There are three main architectures of recent deep learning models: 1) Convolutional Neural Networks (CNN); 2) Recurrent Neural Networks (RNN); and 3) Generative Adversarial Networks (GAN). I will introduce them at first and then describe corresponding applications (i.e., object detection using CNN). Besides, I also introduce an effective module named attention which is widely used in Natural Language Processing algorithms (i.e., BERT and Transformer).
Convolutional neural network (CNN, or ConvNet) is a class of deep neural network, most commonly applied to analyze visual imagery. They are also known as shift invariant or space invariant artificial neural networks (SIANN), based on the shared-weight architecture of the convolution kernels or filters that slide along input features and provide translation equivariant responses known as feature maps.[1]
- Image Classification (AlexNet, VGG, Inception and ResNet) [2]
- Object Detection (RCNN series, YOLOvx and SSD) [3]
- Semantic Segmentation (FCN, U-Net, PSPNet, Mask RCNN and DeepLab) [4, 5]
Recurrent neural network (RNN) is a class of artificial neural networks where connections between nodes form a directed graph along a temporal sequence. This allows it to exhibit temporal dynamic behavior. [6]
- Three classic modules to capture history (RNN, LSTM and GRU)
- Image Caption (One-to-Many)
- Sentiment Classification (Many-to-One)
- Machine Translation (Many-to-Many)
Generative adversarial network (GAN) is a class of machine learning frameworks designed by Ian Goodfellow and his colleagues in 2014. Two neural networks contest with each other in a game (in the form of a zero-sum game, where one agent's gain is another agent's loss). [7]
- Convolutional GAN (DCGAN, LapGAN, ResGAN, SRGAN and CycleGAN) [8]
- Conditional GAN (CGAN and InfoGAN) [8]
Attention is a technique that mimics cognitive attention. The effect enhances the important parts of the input data and fades out the rest -- the thought being that the network should devote more computing power on that small but important part of the data.
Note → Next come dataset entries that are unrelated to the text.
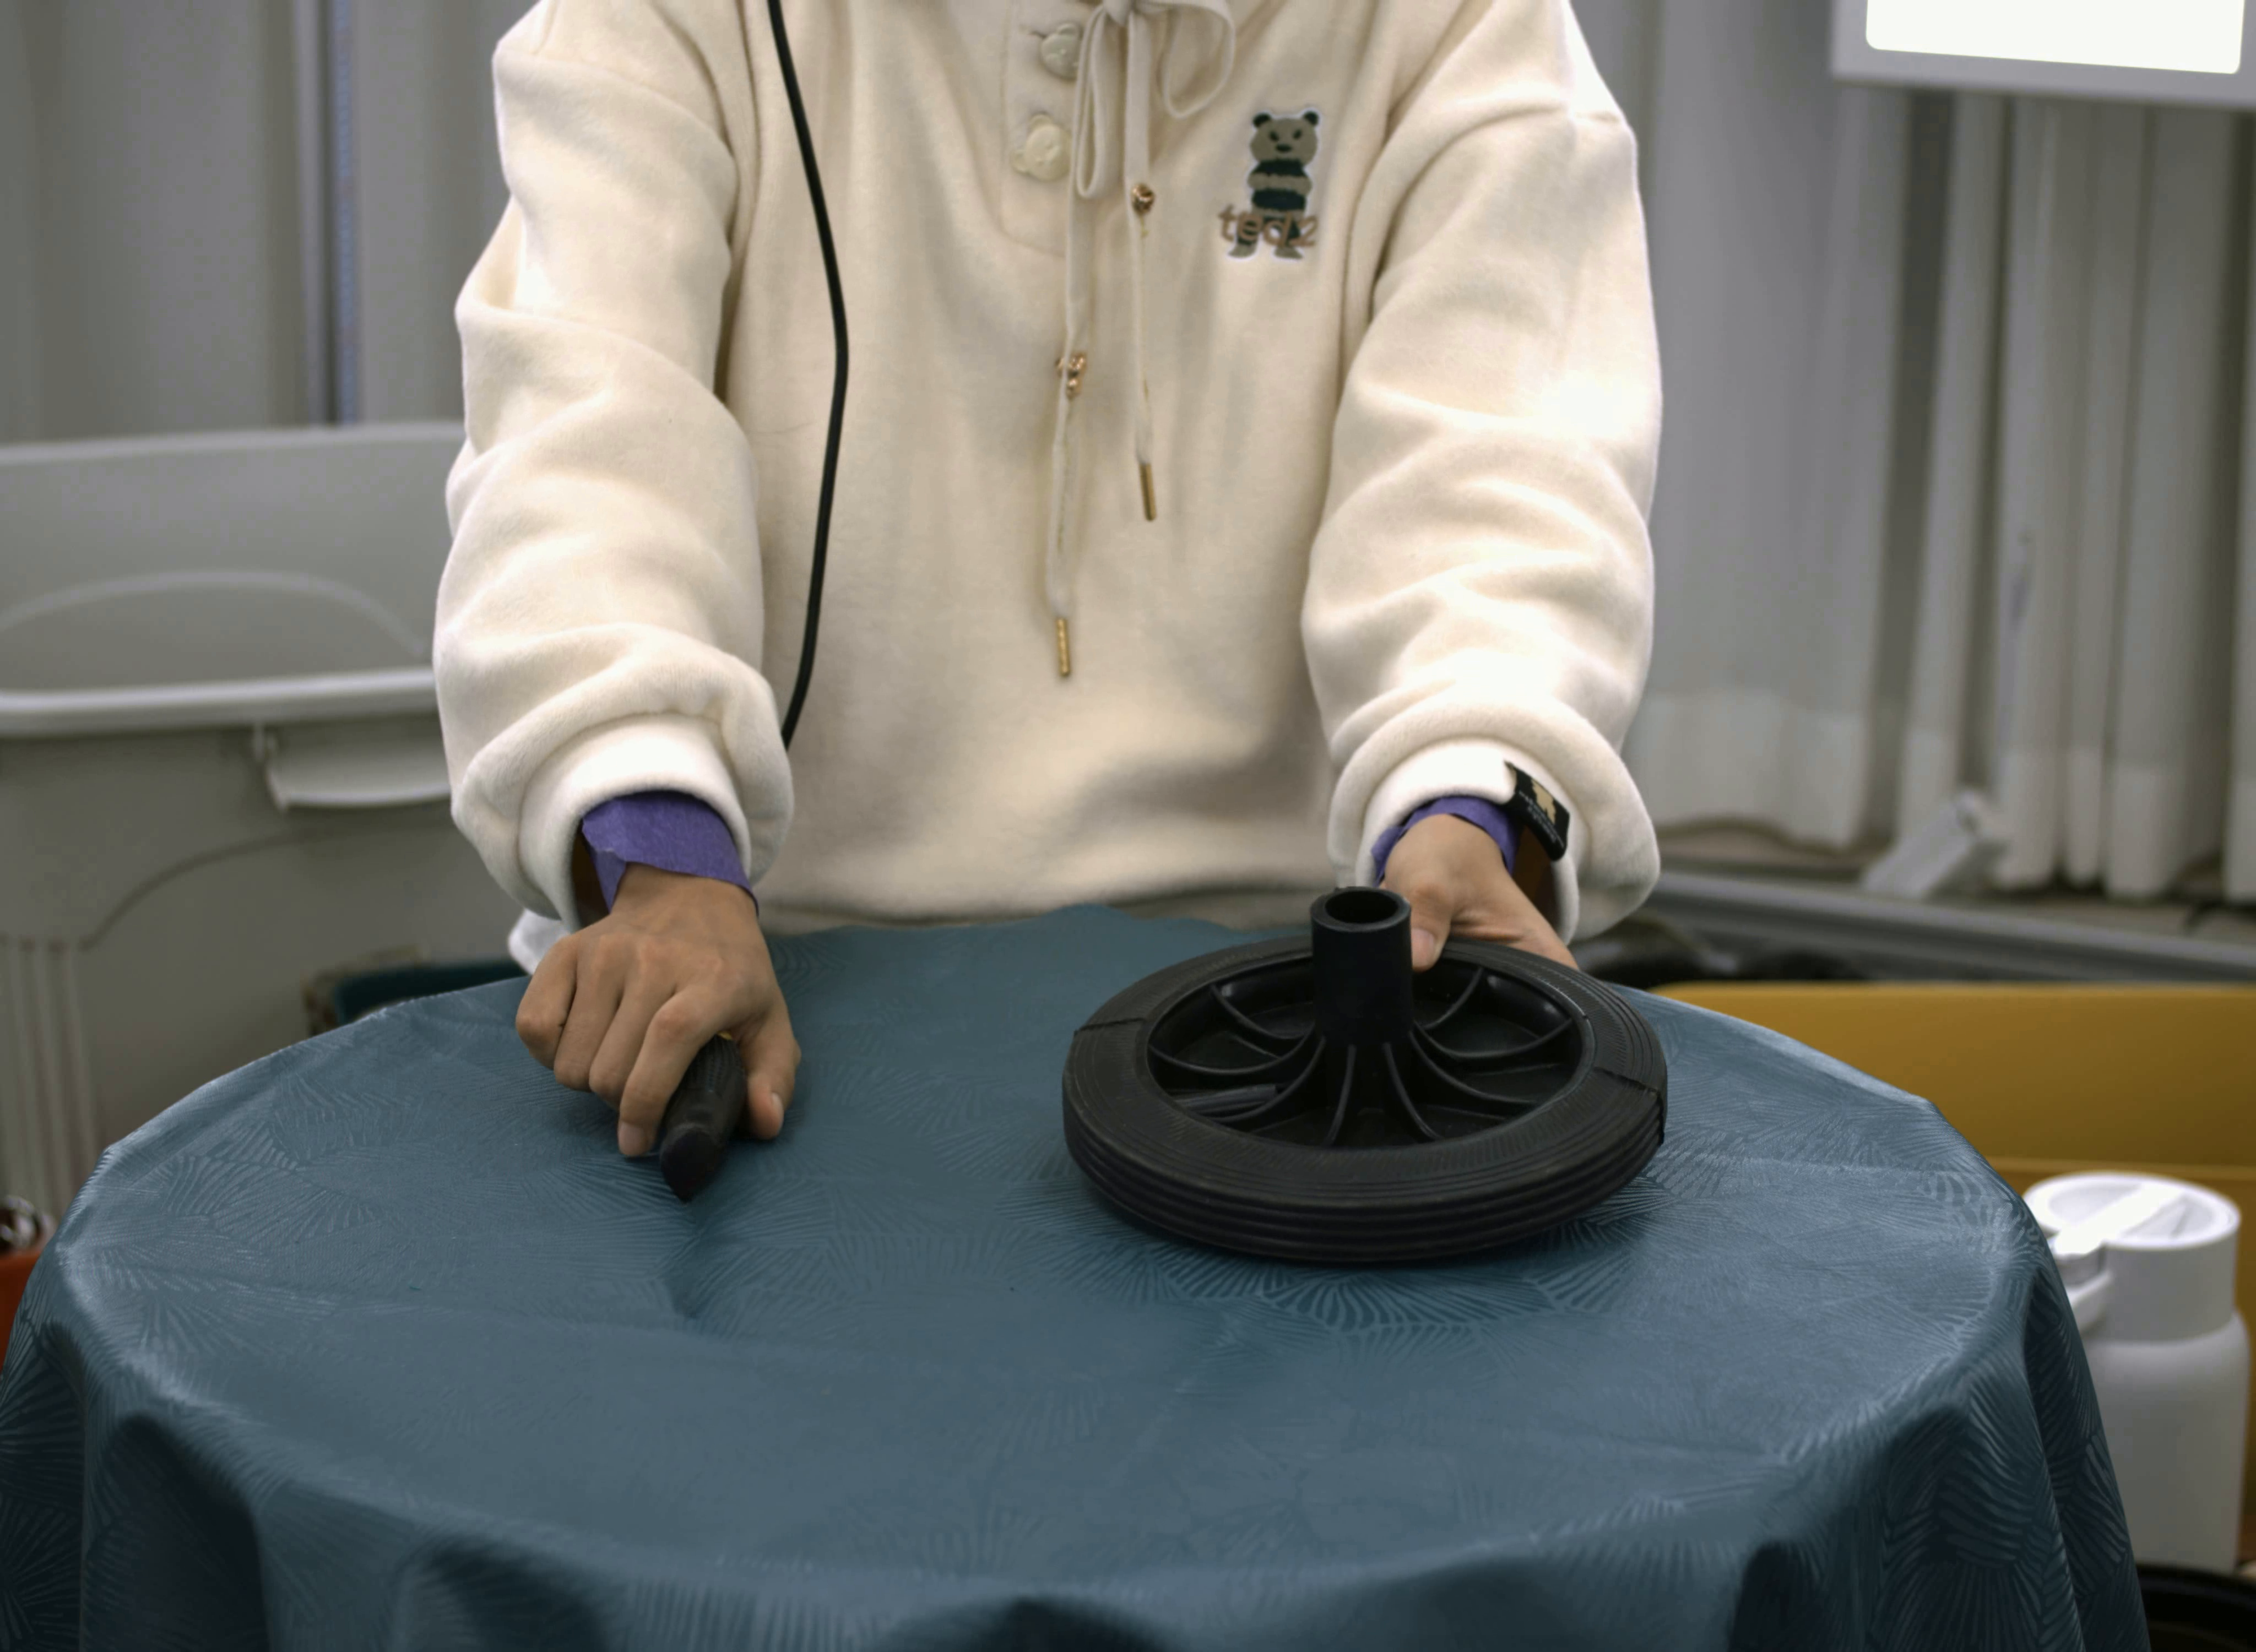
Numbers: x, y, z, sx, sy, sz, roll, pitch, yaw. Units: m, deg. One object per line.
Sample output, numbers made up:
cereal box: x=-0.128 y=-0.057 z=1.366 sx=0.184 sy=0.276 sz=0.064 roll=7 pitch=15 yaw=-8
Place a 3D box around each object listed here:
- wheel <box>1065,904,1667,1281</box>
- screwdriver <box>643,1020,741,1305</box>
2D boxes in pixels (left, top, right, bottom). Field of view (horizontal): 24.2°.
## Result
wheel: x=0.071 y=0.066 z=1.623 sx=0.190 sy=0.080 sz=0.185 roll=-22 pitch=32 yaw=-32
screwdriver: x=-0.136 y=0.103 z=1.603 sx=0.031 sy=0.032 sz=0.196 roll=0 pitch=18 yaw=-2

Which part of the data is more important than others depends on the context and is learned through training data by gradient descent. [9, 10]
- (Wikipedia) Convolutional Neural Network.
- (PIEAS) A Survey of the Recent Architectures of Deep Convolutional Neural Networks. Artificial Intelligence Review, 2020.
- (Oulu, NUDT, USYD, CUHK and UWaterloo) Deep Learning for Generic Object Detection: A Survey. International Journal of Computer Vision, 2020 (IJCV).
- (Snapchat, UWaterloo, Qualcomm, UEX, UTD and UCLA) Image Segmentation Using Deep Learning: A Survey. IEEE Transactions on Pattern Analysis and Machine Intelligence, 2021 (PAMI).
- awesome-semantic-segmentation
- (Wikipedia) Recurrent neural network
- (Wikipedia) Generative adversarial network
- (NJUST and PIEAS) Recent Progress on Generative Adversarial Networks (GANs): A Survey. IEEE Access, 2019.
- (Wikipedia) Attention
- (Lilian's blog) Attention? Attention!